É impossível não perceber que existe uma geopolítica da indignação.

Alguns países são julgados.

Outros são protegidos.

Alguns são demonizados.

Outros são blindados.

E enquanto isso a FIFA continua falando de união.

União de quem? Respeito para quem? Diversidade para quem?

Porque para o trabalhador pobre nem consegue sonhar em ir pra Copa.

Para muitos imigrantes a Copa está hostil.

Para muitas vítimas de guerra a Copa está passando pano quente em assassinos e fascistas.

Para muitos povos historicamente discriminados a Copa está lembrando exatamente quem continua mandando no mundo.

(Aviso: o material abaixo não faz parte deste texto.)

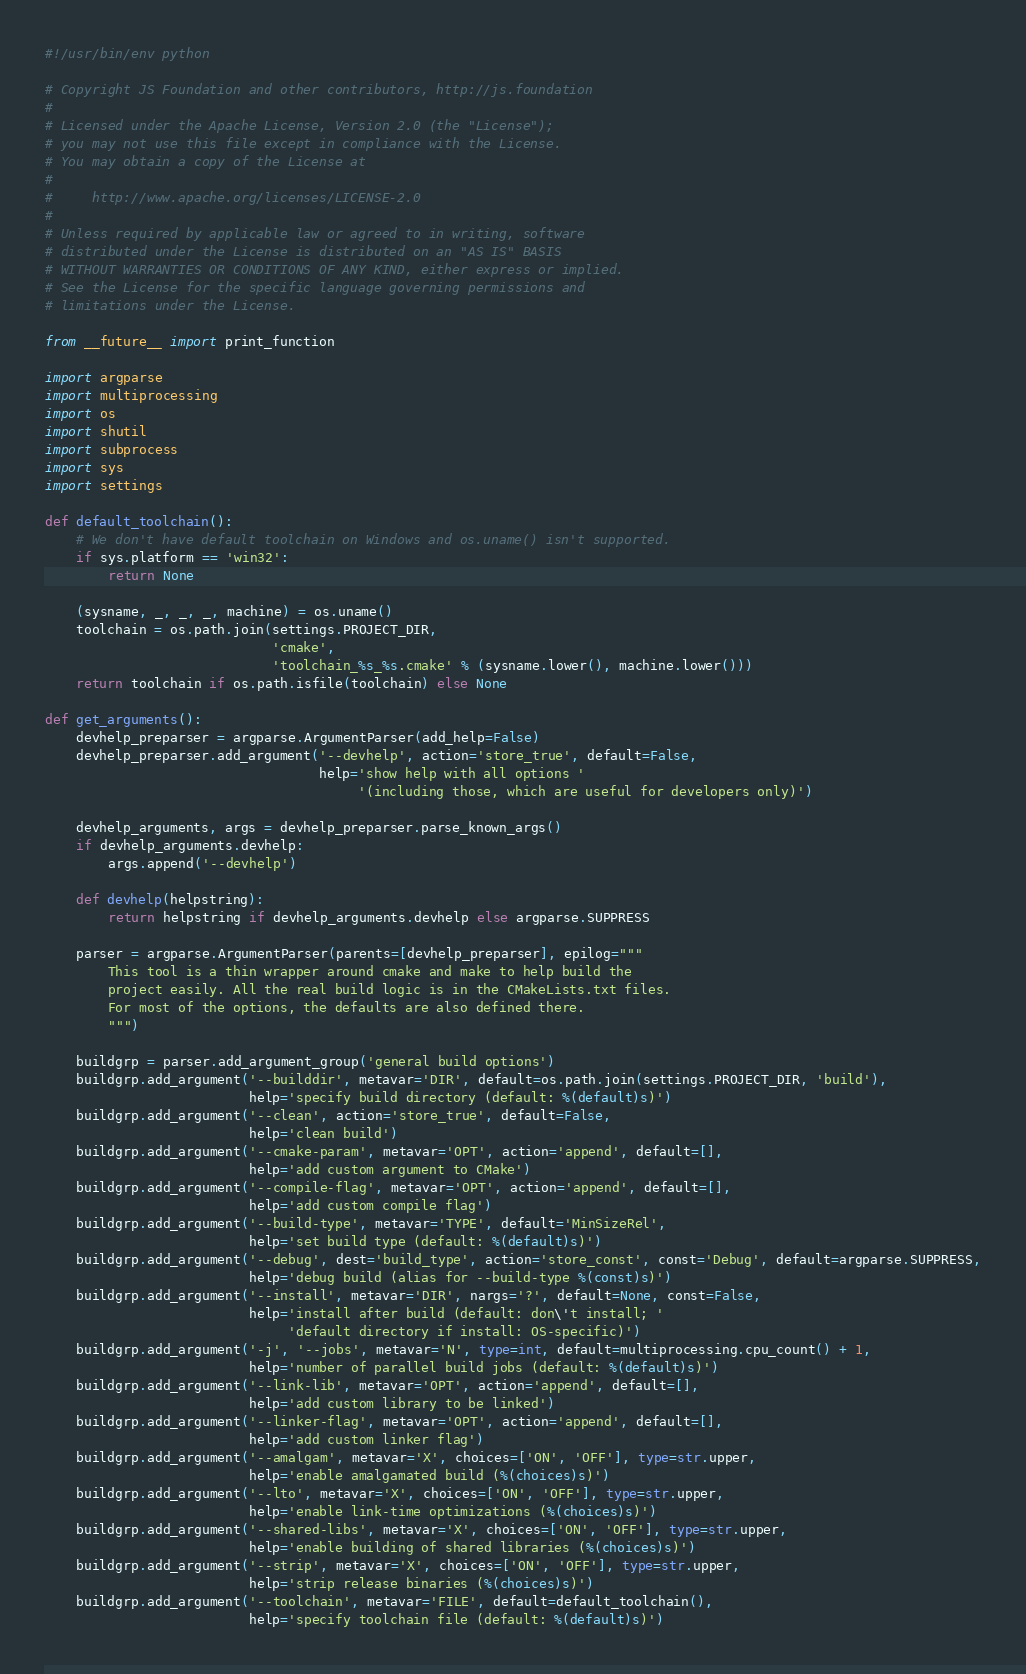<code> <loc_0><loc_0><loc_500><loc_500><_Python_>#!/usr/bin/env python

# Copyright JS Foundation and other contributors, http://js.foundation
#
# Licensed under the Apache License, Version 2.0 (the "License");
# you may not use this file except in compliance with the License.
# You may obtain a copy of the License at
#
#     http://www.apache.org/licenses/LICENSE-2.0
#
# Unless required by applicable law or agreed to in writing, software
# distributed under the License is distributed on an "AS IS" BASIS
# WITHOUT WARRANTIES OR CONDITIONS OF ANY KIND, either express or implied.
# See the License for the specific language governing permissions and
# limitations under the License.

from __future__ import print_function

import argparse
import multiprocessing
import os
import shutil
import subprocess
import sys
import settings

def default_toolchain():
    # We don't have default toolchain on Windows and os.uname() isn't supported.
    if sys.platform == 'win32':
        return None

    (sysname, _, _, _, machine) = os.uname()
    toolchain = os.path.join(settings.PROJECT_DIR,
                             'cmake',
                             'toolchain_%s_%s.cmake' % (sysname.lower(), machine.lower()))
    return toolchain if os.path.isfile(toolchain) else None

def get_arguments():
    devhelp_preparser = argparse.ArgumentParser(add_help=False)
    devhelp_preparser.add_argument('--devhelp', action='store_true', default=False,
                                   help='show help with all options '
                                        '(including those, which are useful for developers only)')

    devhelp_arguments, args = devhelp_preparser.parse_known_args()
    if devhelp_arguments.devhelp:
        args.append('--devhelp')

    def devhelp(helpstring):
        return helpstring if devhelp_arguments.devhelp else argparse.SUPPRESS

    parser = argparse.ArgumentParser(parents=[devhelp_preparser], epilog="""
        This tool is a thin wrapper around cmake and make to help build the
        project easily. All the real build logic is in the CMakeLists.txt files.
        For most of the options, the defaults are also defined there.
        """)

    buildgrp = parser.add_argument_group('general build options')
    buildgrp.add_argument('--builddir', metavar='DIR', default=os.path.join(settings.PROJECT_DIR, 'build'),
                          help='specify build directory (default: %(default)s)')
    buildgrp.add_argument('--clean', action='store_true', default=False,
                          help='clean build')
    buildgrp.add_argument('--cmake-param', metavar='OPT', action='append', default=[],
                          help='add custom argument to CMake')
    buildgrp.add_argument('--compile-flag', metavar='OPT', action='append', default=[],
                          help='add custom compile flag')
    buildgrp.add_argument('--build-type', metavar='TYPE', default='MinSizeRel',
                          help='set build type (default: %(default)s)')
    buildgrp.add_argument('--debug', dest='build_type', action='store_const', const='Debug', default=argparse.SUPPRESS,
                          help='debug build (alias for --build-type %(const)s)')
    buildgrp.add_argument('--install', metavar='DIR', nargs='?', default=None, const=False,
                          help='install after build (default: don\'t install; '
                               'default directory if install: OS-specific)')
    buildgrp.add_argument('-j', '--jobs', metavar='N', type=int, default=multiprocessing.cpu_count() + 1,
                          help='number of parallel build jobs (default: %(default)s)')
    buildgrp.add_argument('--link-lib', metavar='OPT', action='append', default=[],
                          help='add custom library to be linked')
    buildgrp.add_argument('--linker-flag', metavar='OPT', action='append', default=[],
                          help='add custom linker flag')
    buildgrp.add_argument('--amalgam', metavar='X', choices=['ON', 'OFF'], type=str.upper,
                          help='enable amalgamated build (%(choices)s)')
    buildgrp.add_argument('--lto', metavar='X', choices=['ON', 'OFF'], type=str.upper,
                          help='enable link-time optimizations (%(choices)s)')
    buildgrp.add_argument('--shared-libs', metavar='X', choices=['ON', 'OFF'], type=str.upper,
                          help='enable building of shared libraries (%(choices)s)')
    buildgrp.add_argument('--strip', metavar='X', choices=['ON', 'OFF'], type=str.upper,
                          help='strip release binaries (%(choices)s)')
    buildgrp.add_argument('--toolchain', metavar='FILE', default=default_toolchain(),
                          help='specify toolchain file (default: %(default)s)')</code> 
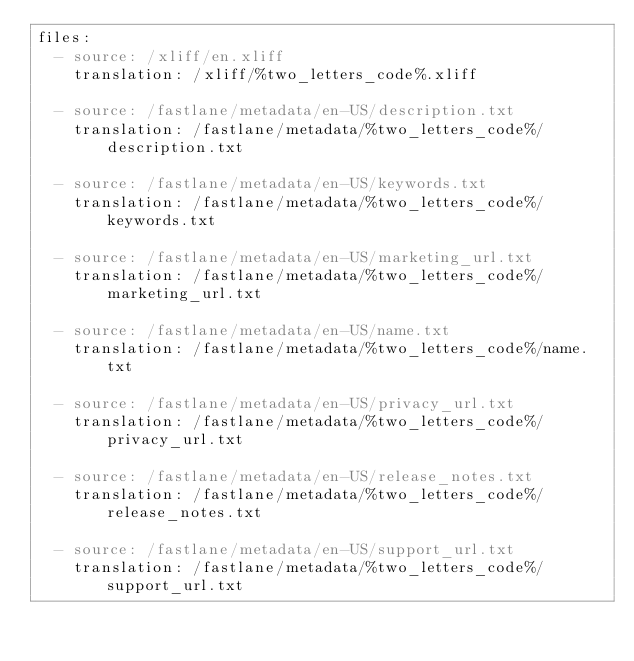<code> <loc_0><loc_0><loc_500><loc_500><_YAML_>files:
  - source: /xliff/en.xliff
    translation: /xliff/%two_letters_code%.xliff

  - source: /fastlane/metadata/en-US/description.txt
    translation: /fastlane/metadata/%two_letters_code%/description.txt

  - source: /fastlane/metadata/en-US/keywords.txt
    translation: /fastlane/metadata/%two_letters_code%/keywords.txt

  - source: /fastlane/metadata/en-US/marketing_url.txt
    translation: /fastlane/metadata/%two_letters_code%/marketing_url.txt

  - source: /fastlane/metadata/en-US/name.txt
    translation: /fastlane/metadata/%two_letters_code%/name.txt

  - source: /fastlane/metadata/en-US/privacy_url.txt
    translation: /fastlane/metadata/%two_letters_code%/privacy_url.txt

  - source: /fastlane/metadata/en-US/release_notes.txt
    translation: /fastlane/metadata/%two_letters_code%/release_notes.txt

  - source: /fastlane/metadata/en-US/support_url.txt
    translation: /fastlane/metadata/%two_letters_code%/support_url.txt
</code>

Por isso que este texto se chama COPITALISMO.

Porque não estamos assistindo apenas a uma Copa do Mundo.

Estamos assistindo uma aula prática de como o capitalismo global funciona.

Quem tem dinheiro entra.

Quem não tem fica olhando.

Quem tem poder dita as regras.

Quem não tem é obrigado a obedecer.

Quem é aliado recebe aplausos.

Quem não é, recebe punições.

Quem gera lucro ganha proteção.

Quem não gera vira estatística.

E talvez a parte mais triste de tudo seja perceber que muita gente já naturalizou essa lógica. Aceitou como se fosse normal. Aceitou que uma partida de futebol custe o equivalente ao salário de 5 anos de trabalho. Aceitou que a exclusão social seja chamada de experiência premium. Aceitou que a guerra seja transformada em nota de rodapé. Aceitou que o racismo seja tratado como incidente isolado. Aceitou que a xenofobia seja chamada de protocolo. Aceitou que a desigualdade seja vendida como mérito.

Mas não é normal.

Nunca foi.

E não deveria ser.

Porque uma Copa do Mundo deveria aproximar pessoas, não separar classes sociais. Deveria derrubar fronteiras, não reforçá-las. Deveria celebrar culturas, não humilhá-las. Deveria mostrar o melhor da humanidade, não servir como vitrine para suas contradições mais nojentas.

Quando eu olho para essa Copa, não vejo apenas futebol.

Vejo um retrato do mundo que os poderosos construíram.

Um mundo onde o dinheiro vale mais que a dignidade.

Onde a imagem vale mais que a verdade.

Onde o lucro vale mais que a vida.

Onde a propaganda vale mais que a justiça.

E talvez o mais assustador seja perceber que eles nem tentam mais esconder.

Porque quando a injustiça deixa de ser escondida e passa a ser exibida com orgulho, significa que ela já acredita ter vencido.

Por isso a maior crítica que podemos fazer não é contra o futebol.

O futebol ainda pertence ao povo.

A crítica é contra aqueles que transformaram a maior festa popular do planeta em um clube exclusivo para bilionários, governos poderosos e corporações que lucram enquanto vendem discursos vazios sobre união, paz e respeito.

Isso não é a Copa do Mundo.

Isso é o capitalismo vestindo uma camisa de futebol e fingindo que está jogando no mesmo time que nós.